Helena's Hawaiian Food Menu, Reviews, Photos, Location and Info - Zomato

Leonard's Bakery

12 years ago, Viv and I hiked Diamondhead in about 20 minutes all the way from the park entrance (we were too cheap to pay for the $5.00 parking).  Fast forward to the present and I was up for the challenge, but Viv, having not played hockey for the last 5 years due to concussions, didn't find it as easy this time around.  In fact, while we were going down from the top, my son was kicking my arse.  Yes, it might've been something to do with age, but I would like to blame the 2 Malasadas I consumed just prior.

Yes, you guessed it, we paid Leonard's Bakery a visit before we made it out to Diamondhead.  Once again, we were doing the touristy thing, yet remember, we had 2 hungry kiddies with us.  Also, they would never pass up a donut from any culture.  We got a 1/2 dozen Malasadas in Original, Cinnamon Sugar and Li Hing (sweet & salty dried plum dust).  Oh boy, these were made to order and one bite into the fluffy light center made me a convert.  Yes, it was only a fried ball of dough, but the texture was so enticing and easy to eat.  I gobbled up 2 just like that.  My favorite flavor was the li hing with a good mix of sweet, tart and salty.

We also got a 1/2 dozen of the Puffs filled with Chocolate, Coconut, Custard and Macademia Nut.  Exhibiting the same eggy light texture, these were graced with an extra amount of sweetness.  In fact, the chocolate filling was very sugary, yet fortunately, the actual malasada was not sweet to begin with.  I liked the coconut filling the most as it wasn't super sweet while being aromatic.  Despite being advertised as macadamia nut, I didn't find much difference between that and the standard custard.  Not necessarily a negative, just an observation.

Lastly, we got a couple of the Ham & Cheese Wrap to give the kids something that resembled breakfast rather than a bunch of Malasadas.   With a generous slice of rolled-up sweet honey ham in the middle, the thing ate well with plenty of filling while wrapped in a soft pastry.  But really, we didn't come here for that.  It was all about the malasadas and they really go that part down to a science.  It was well-worth the wait for the made-to-order treat.

The Good:
- Made-to-order ensures freshness
- Soft and not too sweet

The Bad:
- A little greasy
- Parking is an issue

Leonard's Bakery Menu, Reviews, Photos, Location and Info - Zomato

Alan Wong's Honolulu

Fine dining + vacay + kids = usually a no-go and/or we need to stop by a drive-thru afterwards.  However, as they are growing older (too fast I might add), their palates are improving (even my son!).
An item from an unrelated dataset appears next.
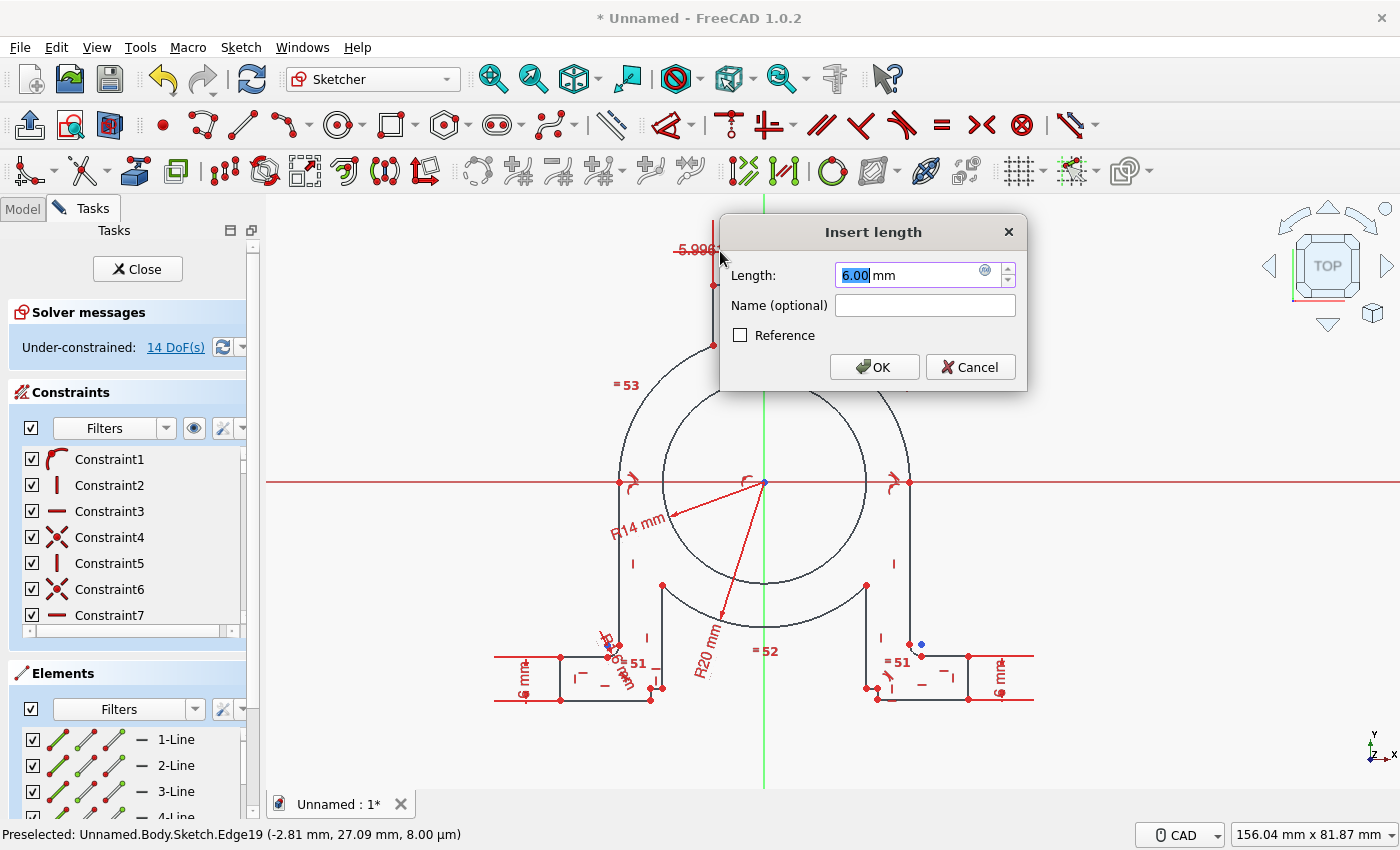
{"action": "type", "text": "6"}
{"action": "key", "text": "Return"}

Hence, we decided to make a reservation at Alan Wong's as it represented a somewhat casual fine-dining experience on our visit to Hawaii. Well, apparently other people thought it was a good idea too as there were quite a few kiddies in attendance.

I decided to go for the Tasting Menu which started with a plate consisting of the Soup & Sandwich (chilled vine-ripened tomato soup, Grilled Hawaii island goat dairy mozzarella cheese, foie gras, kalua pig sandwich) and Chopped Ahi Sashimi & Avocado Stack (crispy wonton, spicy aioli and wasabi soy).  I thought the light and airy soup had enough tang and brightness to balance out the salty and savory sandwich (which was crispy, decadent and meaty).  As for the stack, it was texturally on point with buttery tuna and soft avocado counteracted by the crunchy wonton and puffed rice.  It was aggressively seasoned, but was not overwhelming with a slight spice.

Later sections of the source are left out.